= Beginning of Section =
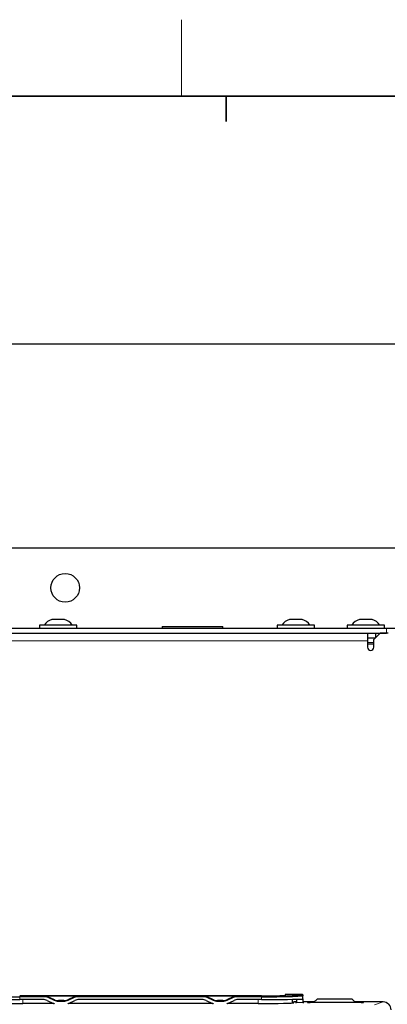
# Paper-space layout 'Blatt3' of a CAD drawing. Header units: millimetres. Extents: x 5 to 418, y 2 to 292.
# Tile 48 of 54: x 109 to 138, y 211 to 288. Entities that reach past the tile are written whole.
import ezdxf

# ---------------------------------------------------------------- set-up
doc = ezdxf.new("R2010")
doc.units = ezdxf.units.MM
doc.layers.add('SLD-0', color=7, linetype='Continuous')
doc.styles.add('SLDTEXTSTYLE1', font='TXT', dxfattribs={"width": 0.605})
doc.dimstyles.new('SLDDIMSTYLE0', dxfattribs={"dimtxt": 3.5, "dimasz": 3.302, "dimexe": 0, "dimexo": 0.0625, "dimgap": 0.875, "dimtad": 1, "dimlfac": 4, "dimrnd": 1e-09, "dimzin": 12, "dimdsep": 46, "dimtxsty": 'SLDTEXTSTYLE1', "dimsah": 1, "dimcen": 0.09, "dimadec": 0, "dimazin": 3, "dimtfac": 1, "dimtofl": 0, "dimtmove": 0, "dimatfit": 3, "dimfxl": 1, "dimfrac": 2, "dimtolj": 1, "dimtzin": 12, "dimarcsym": 0})
doc.dimstyles.new('SLDDIMSTYLE1', dxfattribs={"dimtxt": 3.5, "dimasz": 3.302, "dimexe": 0, "dimexo": 0.0625, "dimgap": 0.875, "dimtad": 1, "dimdec": 1, "dimlfac": 4, "dimrnd": 1e-09, "dimzin": 12, "dimdsep": 46, "dimtxsty": 'SLDTEXTSTYLE1', "dimsah": 1, "dimcen": 0.09, "dimadec": 0, "dimazin": 3, "dimtfac": 1, "dimtofl": 0, "dimtmove": 0, "dimatfit": 3, "dimfxl": 1, "dimfrac": 2, "dimtolj": 1, "dimtzin": 12, "dimarcsym": 0})

# ---------------------------------------------------------------- blocks, each defined once
blk = doc.blocks.new('_D_15')
at = {"layer": 'SLD-0', "color": 7}
for p, q in [((48.349, 245.712), (48.349, 264.007)), ((146.349, 245.712), (146.349, 264.007)), ((48.349, 263.007), (146.349, 263.007))]:
    blk.add_line(p, q, dxfattribs=at)
for points in [[(48.349, 263.007), (51.651, 262.499), (51.651, 263.515)], [(146.349, 263.007), (143.047, 263.515), (143.047, 262.499)]]:
    blk.add_solid(points, dxfattribs=at)
at = {"layer": 'SLD-0', "color": 7, "insert": (93.339, 267.519), "char_height": 3.5, "attachment_point": 1, "style": 'SLDTEXTSTYLE1'}
blk.add_mtext('392', dxfattribs=at)
blk = doc.blocks.new('_D_16')
at = {"layer": 'SLD-0', "color": 7}
for p, q in [((145.099, 246.962), (157.349, 246.962)), ((156.349, 246.962), (156.349, 95.397)), ((135.809, 95.397), (157.349, 95.397))]:
    blk.add_line(p, q, dxfattribs=at)
for points in [[(156.349, 246.962), (155.841, 243.66), (156.857, 243.66)], [(156.349, 95.397), (156.857, 98.699), (155.841, 98.699)]]:
    blk.add_solid(points, dxfattribs=at)
at = {"layer": 'SLD-0', "color": 7, "insert": (151.837, 165.164), "char_height": 3.5, "attachment_point": 1, "rotation": 90, "style": 'SLDTEXTSTYLE1'}
blk.add_mtext('606,3', dxfattribs=at)

psp = doc.layouts.new('Blatt3')

# ---------------------------------------------------------------- linework, layer by layer
at = {"color": 7, "linetype": 'Continuous', "lineweight": 25}
for p, q in [((145.0991, 246.9623), (49.5991, 246.9623)), ((110.3241, 240.9123), (110.3241, 240.6623)), ((113.2741, 240.9123), (110.3241, 240.9123)), ((112.2991, 241.3373), (111.2991, 241.3373)), ((113.2741, 240.6623), (113.2741, 240.9123)), ((119.9741, 240.7873), (119.9741, 240.6623)), ((119.9741, 240.7873), (124.7241, 240.7873)), ((124.7241, 240.6623), (124.7241, 240.7873)), ((128.9991, 240.9123), (128.9991, 240.6623)), ((131.9491, 240.9123), (128.9991, 240.9123)), ((130.9741, 241.3373), (129.9741, 241.3373)), ((131.9491, 240.6623), (131.9491, 240.9123)), ((134.4991, 240.9123), (134.4991, 240.6623)), ((137.4491, 240.9123), (134.4991, 240.9123)), ((136.4741, 241.3373), (135.4741, 241.3373)), ((137.4491, 240.6623), (137.4491, 240.9123)), ((57.0991, 240.6623), (137.5991, 240.6623)), ((57.0991, 240.2873), (137.5991, 240.2873)), ((136.0991, 240.2873), (136.0991, 239.6623)), ((137.0991, 240.2873), (136.5991, 239.7873)), ((136.7241, 240.2873), (136.7241, 239.9123)), ((137.7241, 240.2873), (137.0991, 240.2873)), ((137.5991, 240.6623), (138.5991, 240.6623)), ((136.0991, 239.9123), (136.7241, 239.9123)), ((136.0991, 239.6623), (136.0991, 239.1623)), ((136.5991, 239.4123), (136.0991, 239.4123)), ((136.5991, 239.1623), (136.5991, 239.7873)), ((127.7741, 211.7732), (108.7741, 211.7732)), ((110.6161, 211.4749), (108.7741, 211.4749)), ((110.4039, 211.766), (113.6443, 211.766)), ((110.4039, 211.763), (110.4039, 211.766)), ((110.6771, 211.763), (110.4039, 211.763)), ((110.9331, 211.4046), (111.4359, 211.1702)), ((111.4969, 211.4582), (110.9941, 211.6927)), ((112.2344, 211.3879), (111.8138, 211.3879)), ((113.0541, 211.6927), (112.5513, 211.4582)), ((112.6123, 211.1702), (113.1151, 211.4046)), ((113.6443, 211.763), (113.3711, 211.763)), ((123.1161, 211.4749), (113.4321, 211.4749)), ((113.6443, 211.766), (113.6443, 211.763)), ((122.9039, 211.766), (126.1443, 211.766)), ((122.9039, 211.763), (122.9039, 211.766)), ((123.1771, 211.763), (122.9039, 211.763)), ((123.4331, 211.4046), (123.9359, 211.1702)), ((123.9969, 211.4582), (123.4941, 211.6927)), ((124.7344, 211.3879), (124.3138, 211.3879)), ((125.5541, 211.6927), (125.0513, 211.4582)), ((125.1123, 211.1702), (125.6151, 211.4046)), ((126.1443, 211.763), (125.8711, 211.763)), ((127.7741, 211.4749), (125.9321, 211.4749)), ((126.1443, 211.766), (126.1443, 211.763)), ((129.6328, 211.833), (129.6322, 211.7989)), ((130.9741, 211.8821), (129.6828, 211.8821)), ((130.5193, 211.8697), (130.2241, 211.8697)), ((130.2241, 211.8697), (130.2241, 211.8132)), ((130.2241, 211.8132), (130.5193, 211.8132)), ((130.2241, 211.2002), (130.2241, 211.4943)), ((130.5193, 211.8697), (130.5193, 211.865)), ((130.5193, 211.8179), (130.5193, 211.8132)), ((130.5193, 211.8179), (130.9741, 211.8179)), ((130.5253, 211.4772), (130.5294, 211.2515)), ((131.0241, 211.8321), (131.0241, 211.815)), ((131.0241, 211.815), (131.0241, 211.7679)), ((131.0241, 211.7679), (131.0241, 211.7566)), ((131.0241, 211.5316), (131.0241, 211.7566)), ((131.0241, 211.5316), (131.0241, 211.4772)), ((131.0241, 211.4772), (131.0241, 211.2515)), ((132.1491, 211.5123), (131.8991, 211.2623)), ((134.8991, 211.5123), (132.1491, 211.5123)), ((135.1491, 211.2623), (134.8991, 211.5123)), ((111.4489, 211.1643), (109.0241, 211.1643)), ((123.9489, 211.1643), (112.5993, 211.1643)), ((127.5241, 211.1643), (125.0993, 211.1643)), ((130.2741, 211.204), (130.2741, 211.2321)), ((130.5289, 211.2821), (130.3241, 211.2821)), ((131.9188, 211.2821), (131.0241, 211.2821)), ((131.0241, 211.2515), (131.0241, 211.232)), ((131.4125, 211.2501), (131.4118, 211.2501)), ((135.5978, 211.2477), (131.6004, 211.2477)), ((131.8991, 211.2623), (131.8991, 211.2477)), ((137.333, 211.2821), (135.1293, 211.2821)), ((135.1491, 211.2477), (135.1491, 211.2623))]:
    psp.add_line(p, q, dxfattribs=at)
at = {"color": 7, "linetype": 'Continuous', "lineweight": 18}
for p, q in [((137.5991, 240.2873), (137.5991, 240.6623)), ((136.0991, 239.6623), (58.5991, 239.6623)), ((136.5991, 239.5373), (136.0991, 239.5373)), ((108.7741, 211.6998), (108.7741, 211.7507)), ((108.7741, 211.7507), (110.6771, 211.7507)), ((110.6771, 211.6998), (108.7741, 211.6998)), ((108.7741, 211.4749), (108.7741, 211.6998)), ((109.0241, 211.1643), (109.0241, 211.4749)), ((110.6771, 211.763), (110.6771, 211.7507)), ((110.6771, 211.6998), (110.6771, 211.7507)), ((111.4757, 211.3998), (110.9729, 211.6343)), ((110.9941, 211.6927), (110.9941, 211.6804)), ((110.9941, 211.6804), (111.4969, 211.446)), ((111.4969, 211.4582), (111.4969, 211.446)), ((111.8138, 211.3879), (111.8138, 211.3758)), ((111.8138, 211.3758), (111.8138, 211.3249)), ((111.8138, 211.3758), (112.2344, 211.3758)), ((112.2344, 211.3249), (111.8138, 211.3249)), ((112.2344, 211.3879), (112.2344, 211.3758)), ((112.2344, 211.3758), (112.2344, 211.3249)), ((112.5513, 211.446), (113.0541, 211.6804)), ((112.5513, 211.4582), (112.5513, 211.446)), ((113.0753, 211.6343), (112.5725, 211.3998)), ((113.0541, 211.6927), (113.0541, 211.6804)), ((113.3711, 211.763), (113.3711, 211.7507)), ((113.3711, 211.7507), (113.3711, 211.6998)), ((113.3711, 211.7507), (123.1771, 211.7507)), ((123.1771, 211.6998), (113.3711, 211.6998)), ((123.1771, 211.763), (123.1771, 211.7507)), ((123.1771, 211.7507), (123.1771, 211.6998)), ((123.9757, 211.3998), (123.4729, 211.6343)), ((123.4941, 211.6927), (123.4941, 211.6804)), ((123.4941, 211.6804), (123.9969, 211.446)), ((123.9969, 211.4582), (123.9969, 211.446)), ((124.3138, 211.3879), (124.3138, 211.3758)), ((124.3138, 211.3758), (124.3138, 211.3249)), ((124.3138, 211.3758), (124.7344, 211.3758)), ((124.7344, 211.3249), (124.3138, 211.3249)), ((124.7344, 211.3879), (124.7344, 211.3758)), ((124.7344, 211.3758), (124.7344, 211.3249)), ((125.0513, 211.446), (125.5541, 211.6804)), ((125.0513, 211.4582), (125.0513, 211.446)), ((125.5753, 211.6343), (125.0725, 211.3998)), ((125.5541, 211.6927), (125.5541, 211.6804)), ((125.8711, 211.763), (125.8711, 211.7507)), ((125.8711, 211.7507), (125.8711, 211.6998)), ((125.8711, 211.7507), (127.7741, 211.7507)), ((127.7741, 211.6998), (125.8711, 211.6998)), ((127.5241, 211.1643), (127.5241, 211.4749)), ((127.7741, 211.7507), (127.7741, 211.6998)), ((127.7741, 211.4749), (127.7741, 211.6998)), ((129.6328, 211.799), (129.6328, 211.833)), ((129.6828, 211.8821), (129.6828, 211.8065)), ((130.5193, 211.865), (130.9741, 211.865)), ((130.5253, 211.4772), (131.0241, 211.4772)), ((130.9741, 211.865), (130.9741, 211.8821)), ((130.9741, 211.8179), (130.9741, 211.865)), ((130.9741, 211.8065), (130.9741, 211.8179)), ((130.3241, 211.2821), (130.3241, 211.2132)), ((130.5294, 211.2515), (131.0241, 211.2515)), ((131.4004, 211.2512), (131.4004, 211.2598)), ((131.4004, 211.2512), (131.4142, 211.2499)), ((131.6004, 211.2633), (131.9001, 211.2633)), ((131.6004, 211.2633), (131.6004, 211.2477)), ((135.1481, 211.2633), (135.5978, 211.2633)), ((135.5978, 211.2633), (135.5978, 211.2477)), ((135.784, 211.2499), (135.7978, 211.2512)), ((135.7978, 211.2598), (135.7978, 211.2512)), ((136.6498, 211.0545), (137.333, 211.2821))]:
    psp.add_line(p, q, dxfattribs=at)
at = {"color": 7, "linetype": 'Continuous', "lineweight": 25, "flags": 128}
for points in [[(111.4359, 211.1702), (111.4734, 211.1539), (111.4839, 211.1498)], [(112.5643, 211.1498), (112.5748, 211.1539), (112.6123, 211.1702)], [(123.9359, 211.1702), (123.9734, 211.1539), (123.9839, 211.1498)], [(125.0643, 211.1498), (125.0748, 211.1539), (125.1123, 211.1702)]]:
    psp.add_lwpolyline(points, dxfattribs=at)
at = {"color": 7, "linetype": 'Continuous', "lineweight": 25}
psp.add_circle((112.3491, 243.8373), 1.125, dxfattribs=at)
for centre, radius, start, end in [((111.5366, 240.366), 1, 103.741315, 146.881112), ((112.0616, 240.366), 1, 33.118888, 76.258685), ((130.2116, 240.366), 1, 103.741315, 146.881112), ((130.7366, 240.366), 1, 33.118888, 76.258685), ((135.7116, 240.366), 1, 103.741315, 146.881112), ((136.2366, 240.366), 1, 33.118888, 76.258685), ((136.3491, 239.1623), 0.25, 180, 0), ((107.9285, 256.3854), 44.6936, 266.916175, 271.084129), ((107.9285, 256.1604), 44.6936, 266.916175, 271.084129), ((110.6161, 210.7248), 0.7501, 65.003549, 90.000139), ((110.6771, 211.0006), 0.7501, 65.003549, 90.000139), ((111.8138, 212.1258), 0.7501, 245.003549, 270.000139), ((112.2344, 212.1258), 0.7501, 269.999861, 294.996451), ((113.3711, 211.0006), 0.7501, 89.999861, 114.996451), ((113.4321, 210.7248), 0.7501, 89.999861, 114.996451), ((123.1161, 210.7248), 0.7501, 65.003549, 90.000139), ((123.1771, 211.0006), 0.7501, 65.003549, 90.000139), ((124.3138, 212.1258), 0.7501, 245.003549, 270.000139), ((124.7344, 212.1258), 0.7501, 269.999861, 294.996451), ((125.8711, 211.0006), 0.7501, 89.999861, 114.996451), ((125.9321, 210.7248), 0.7501, 89.999861, 114.996451), ((128.6067, 255.7488), 44.006, 268.915871, 273.083825), ((128.2511, 239.1402), 27.3711, 269.001369, 272.998326), ((128.553, 260.2097), 48.5161, 269.080131, 272.919564), ((128.553, 259.9848), 48.5161, 269.080131, 272.919564), ((129.6828, 211.8321), 0.05, 89.995739, 178.995535), ((130.9741, 211.8321), 0.05, 0.004364, 90.004363), ((130.9741, 211.7679), 0.05, 0.004364, 90.004363), ((130.3241, 211.2321), 0.05, 89.995637, 179.995636)]:
    psp.add_arc(centre, radius, start, end, dxfattribs=at)
at = {"color": 7, "linetype": 'Continuous', "lineweight": 18}
for centre, radius, start, end in [((110.6771, 210.9997), 0.7001, 65.003549, 90.000139), ((109.3516, 212.404), 1.7948, 334.602099, 336.223441), ((109.8544, 212.1696), 1.7948, 334.602099, 336.223441), ((111.8138, 212.125), 0.8001, 245.003549, 270.000139), ((112.2344, 212.125), 0.8001, 269.999861, 294.996451), ((114.1937, 212.1696), 1.7948, 203.776559, 205.397901), ((114.6966, 212.404), 1.7948, 203.776559, 205.397901), ((113.3711, 210.9997), 0.7001, 89.999861, 114.996451), ((123.1771, 210.9997), 0.7001, 65.003549, 90.000139), ((121.8516, 212.404), 1.7948, 334.602099, 336.223441), ((122.3544, 212.1696), 1.7948, 334.602099, 336.223441), ((124.3138, 212.125), 0.8001, 245.003549, 270.000139), ((124.7344, 212.125), 0.8001, 269.999861, 294.996451), ((126.6937, 212.1696), 1.7948, 203.776559, 205.397901), ((127.1966, 212.404), 1.7948, 203.776559, 205.397901), ((125.8711, 210.9997), 0.7001, 89.999861, 114.996451), ((129.6828, 211.7565), 0.05, 89.999786, 115.908478), ((130.9741, 211.815), 0.05, 0.004364, 90.004363), ((130.9741, 211.7565), 0.05, 0.004364, 90.004363), ((130.3241, 211.1631), 0.05, 89.999735, 119.453321), ((131.4004, 211.1848), 0.075, 58.950066, 90.000284), ((135.6478, 208.3965), 2.8673, 87.001465, 90.998839), ((135.7978, 211.1848), 0.075, 89.999716, 121.049934)]:
    psp.add_arc(centre, radius, start, end, dxfattribs=at)
at = {"color": 7, "linetype": 'Continuous', "lineweight": 25}
for centre, major_axis, ratio, start_param, end_param in [((110.6771, 211.0129), (0, -0.7501), 0.9998477, 2.7052603, 3.1415927), ((111.8138, 212.1381), (0, -0.7501), 0.9998477, 5.846853, 6.2831853), ((112.2344, 212.1381), (0, -0.7501), 0.9998477, 0, 0.4363323), ((113.3711, 211.0129), (0, -0.7501), 0.9998477, 3.1415927, 3.577925), ((123.1771, 211.0129), (0, -0.7501), 0.9998477, 2.7052603, 3.1415927), ((124.3138, 212.1381), (0, -0.7501), 0.9998477, 5.846853, 6.2831853), ((124.7344, 212.1381), (0, -0.7501), 0.9998477, 0, 0.4363323), ((125.8711, 211.0129), (0, -0.7501), 0.9998477, 3.1415927, 3.577925), ((130.5324, 211.1151), (-0.0131, 0.75), 0.0003045, 0.017448, 0.3563949), ((130.5372, 210.792), (-0.0131, 0.75), 0.0003045, 5.864301, 5.952419), ((109.0241, 211.2132), (2.8, 0), 0.0174551, 3.1415927, 4.712389), ((127.5241, 211.2132), (2.8, 0), 0.0174551, 4.712389, 6.2831853), ((130.7741, 211.2415), (0.325, 0), 0.0174551, 2.4226641, 3.8611569), ((130.5176, 211.9367), (-0.0131, 0.75), 0.0003045, 2.7227083, 2.7921863), ((130.7741, 211.2415), (0.325, 0), 0.0174551, 5.5900254, 6.9763452), ((131.6004, 211.2512), (0.2, 0), 0.0174524, 3.1415926, 4.7120843), ((135.5978, 211.2512), (0.2, 0), 0.0174524, 4.7126937, 6.2831854), ((137.3325, 210.657), (0.5937, 0.1978), 0.9987209, 5.962135, 7.5320179)]:
    psp.add_ellipse(centre, major_axis=major_axis, ratio=ratio, start_param=start_param, end_param=end_param, dxfattribs=at)
at = {"color": 7, "linetype": 'Continuous', "lineweight": 18}
psp.add_ellipse((131.6004, 211.2598), major_axis=(0.2, 0), ratio=0.0174524, start_param=1.571101, end_param=3.1415927, dxfattribs=at)
at = {"color": 7, "linetype": 'Continuous', "lineweight": 25}
psp.add_open_spline([(135.7873, 211.2502), (135.7873, 211.2502), (135.7875, 211.2502), (135.7872, 211.2502), (135.7871, 211.2502)], degree=3, knots=[0, 0, 0, 0, 0.4613342, 1, 1, 1, 1], dxfattribs=at)
at = {"layer": 'SLD-0', "lineweight": 18}
psp.add_line((121.5, 282.5), (121.5, 288.5), dxfattribs=at)
at = {"layer": 'SLD-0', "lineweight": 35}
psp.add_line((408, 282.5), (26, 282.5), dxfattribs=at)
at = {"layer": 'SLD-0'}
for p, q in [((125, 280.5), (125, 282.5)), ((125, 282.5), (125, 280.5))]:
    psp.add_line(p, q, dxfattribs=at)

# ---------------------------------------------------------------- dimensions: what is measured, and where the dimension line sits
at = {"layer": 'SLD-0', "color": 7}
dim = psp.add_linear_dim(base=(146.3491, 263.0071), p1=(48.3491, 245.7123), p2=(146.3491, 245.7123), dimstyle='SLDDIMSTYLE0', dxfattribs=at)
dim.commit()
dim.dimension.update_dxf_attribs({"geometry": '_D_15', "text_midpoint": (97.3491, 263.0071), "dimtype": 160})
dim = psp.add_linear_dim(base=(156.3491, 95.3973), p1=(145.0991, 246.9623), p2=(135.8088, 95.3973), angle=90, dimstyle='SLDDIMSTYLE1', dxfattribs=at)
dim.commit()
dim.dimension.update_dxf_attribs({"geometry": '_D_16', "text_midpoint": (156.3491, 171.1798), "dimtype": 160})

doc.saveas('drawing.dxf')
= End of Section =
• [Work required] Filter the entries and keep only the lines holding "ezdxf".

• [Solution to the problem]
import ezdxf
doc = ezdxf.new("R2010")
doc.units = ezdxf.units.MM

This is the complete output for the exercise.